The goal of this observational study is to evaluate whether polygenic risk score (PRS) assessment can help predict the onset of epithelial ovarian cancer in women aged over 18, comparing those with a histologically confirmed diagnosis of epithelial ovarian or fallopian tube cancer (cases) to women with no personal history of ovarian cancer (controls). The main questions it aims to answer are:

  • Is there an association between PRS and the presence of epithelial ovarian cancer?
  • Can PRS improve the prediction of ovarian cancer risk when adjusted for other clinical factors?

Researchers will compare PRS values between cases and controls to see if higher PRS percentiles are associated with an increased risk of ovarian cancer.

Participants will:

  • Complete a questionnaire on socio-economic status, lifestyle, and dietary habits.
  • Undergo blood sampling, for the analysis of BRCA1-2, PALB2, RAD51C, RAD51D pathogenic variants.
  • Undergo PRS analysis.

Description

This study aims to investigate epithelial ovarian cancer (EOC) through a combined case-control and prospective cohort design, focusing on genetic, clinical, and lifestyle risk factors.

The recruitment phase will last 12 months, conducted at Fondazione Policlinico Universitario A. Gemelli IRCCS in Rome. Cases will include women with histologically confirmed EOC, while controls will be women without a history of ovarian cancer, consecutively recruited from the Rheumatology Unit. Eligible participants must be ≥18 years old and provide informed consent. Women with concurrent malignancies other than OC will be excluded.

Study Procedures Baseline Visit

After signing informed consent, participants will undergo the following assessments:

  • Structured Questionnaire: Collection of socio-demographic data, medical and family history, obstetric history, lifestyle factors, comorbidities, and potential ovarian cancer risk factors.
  • Blood Sampling: Blood will be collected for molecular analysis, including BRCA1/2 mutational status and Polygenic Risk Score (PRS) evaluation. PRS results will be available to participants upon request, while pathogenic BRCA results will be referred to a geneticist and managed according to clinical practice.

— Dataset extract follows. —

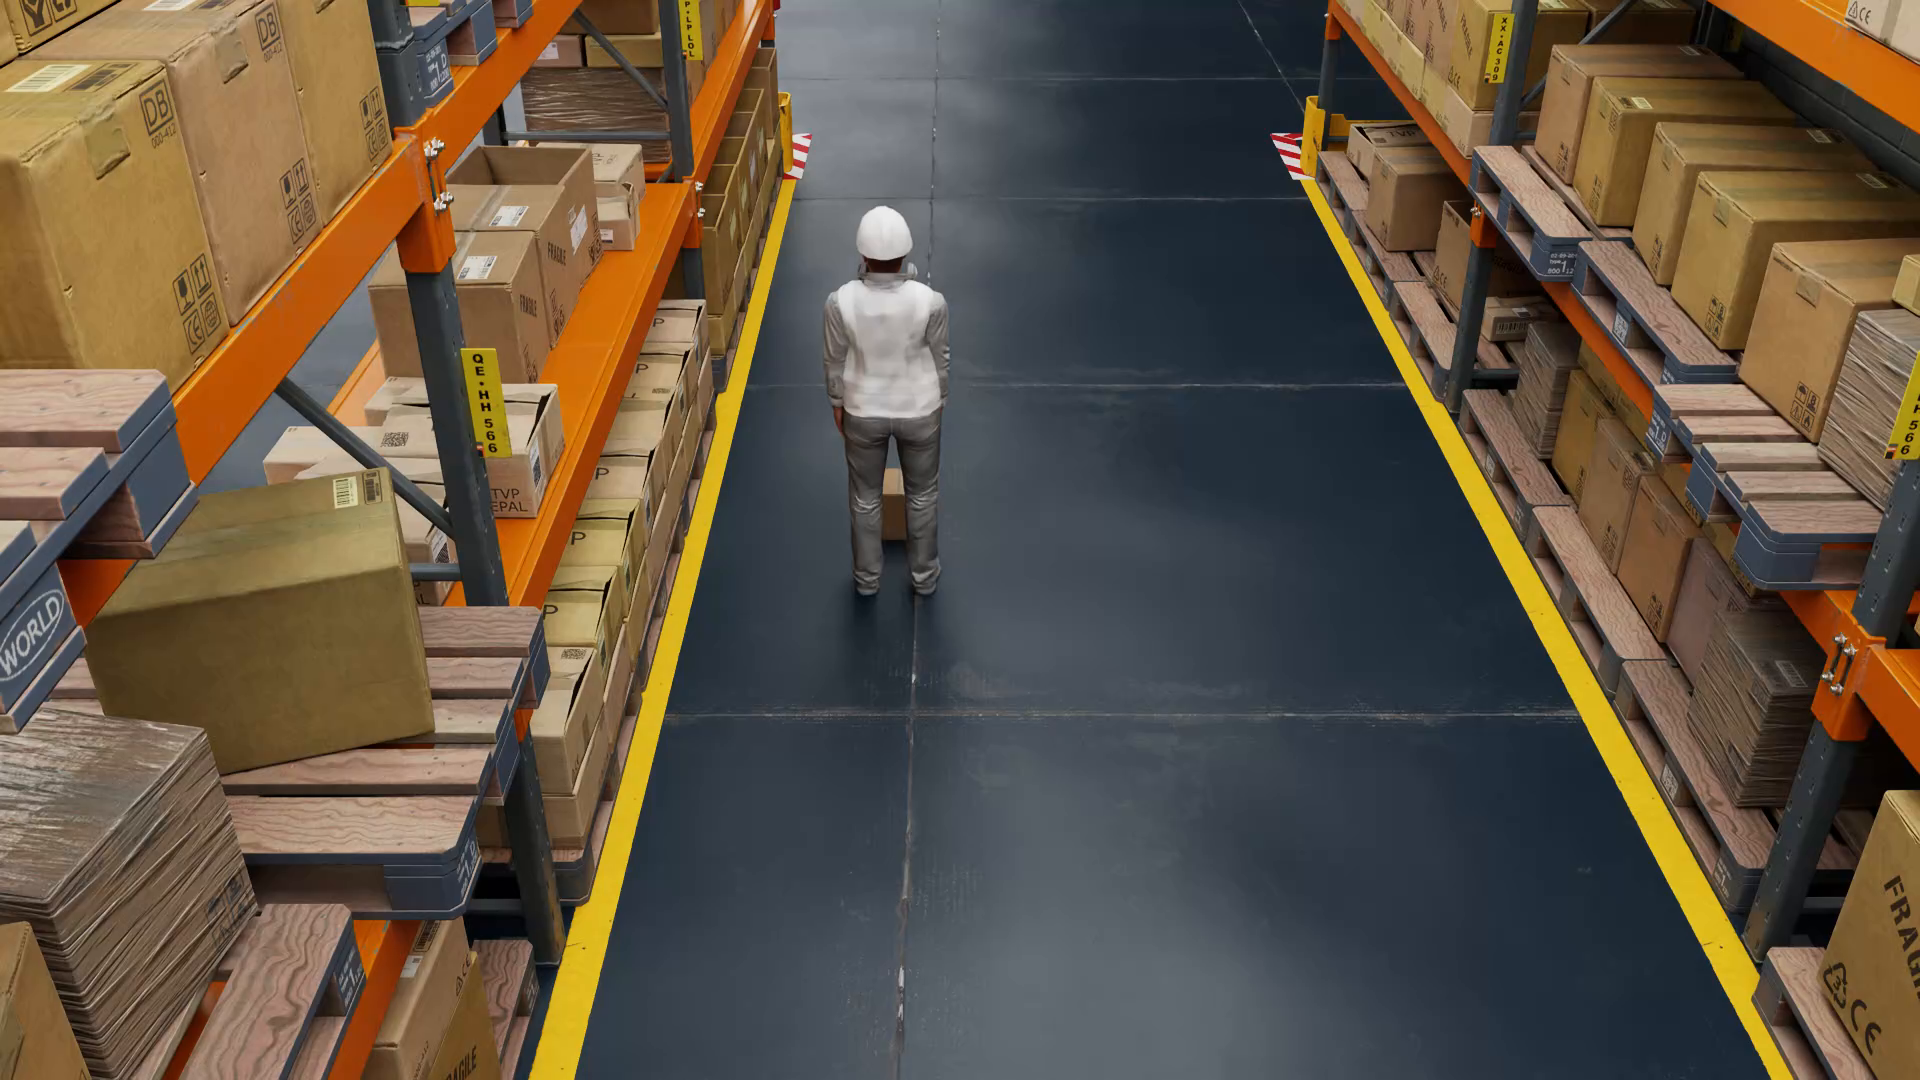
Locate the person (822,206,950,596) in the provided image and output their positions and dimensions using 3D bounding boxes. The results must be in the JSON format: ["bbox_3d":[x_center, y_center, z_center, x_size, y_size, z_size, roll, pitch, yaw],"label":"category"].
[{"bbox_3d":[-0.305,-0.568,7.051,0.532,1.775,0.356,1,31,1],"label":"person"}]
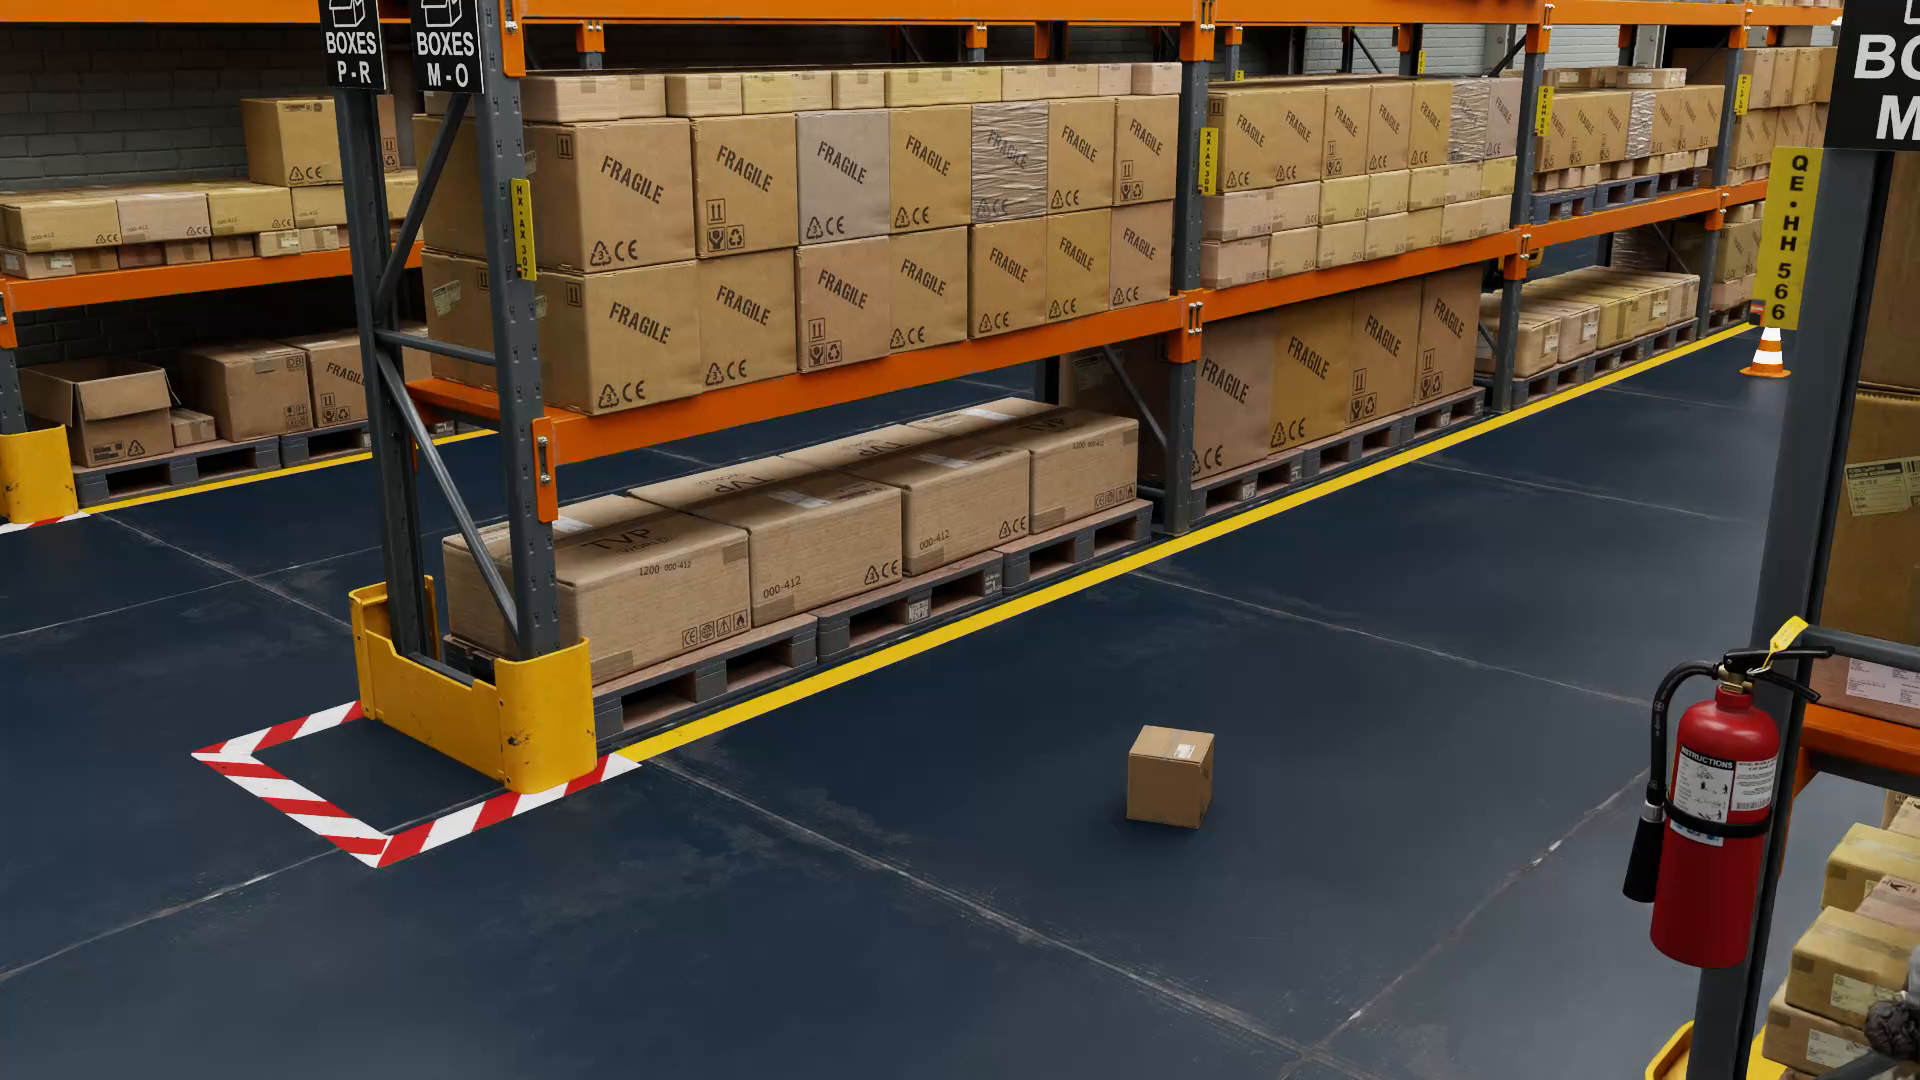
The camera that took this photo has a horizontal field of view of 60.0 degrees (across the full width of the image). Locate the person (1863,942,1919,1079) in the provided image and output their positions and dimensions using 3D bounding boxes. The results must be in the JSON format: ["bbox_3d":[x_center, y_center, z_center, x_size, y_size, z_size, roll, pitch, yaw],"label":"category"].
[{"bbox_3d":[1.120,1.212,2.073,0.487,1.631,0.704,-13,21,-36],"label":"person"}]

A fertility-sparing approach will be considered for patients of reproductive age who express a desire for future fertility and are diagnosed with FIGO stage IA or IC1 ovarian cancer of low-grade serous, grade 1-2 endometrioid, or expansile mucinous histology. Tissue samples obtained from macroscopically normal ovarian tissue in patients undergoing fertility-sparing surgery (cases) will be analyzed ex vivo using Full-Field Optical Coherence Tomography and Dynamic Cell Imaging.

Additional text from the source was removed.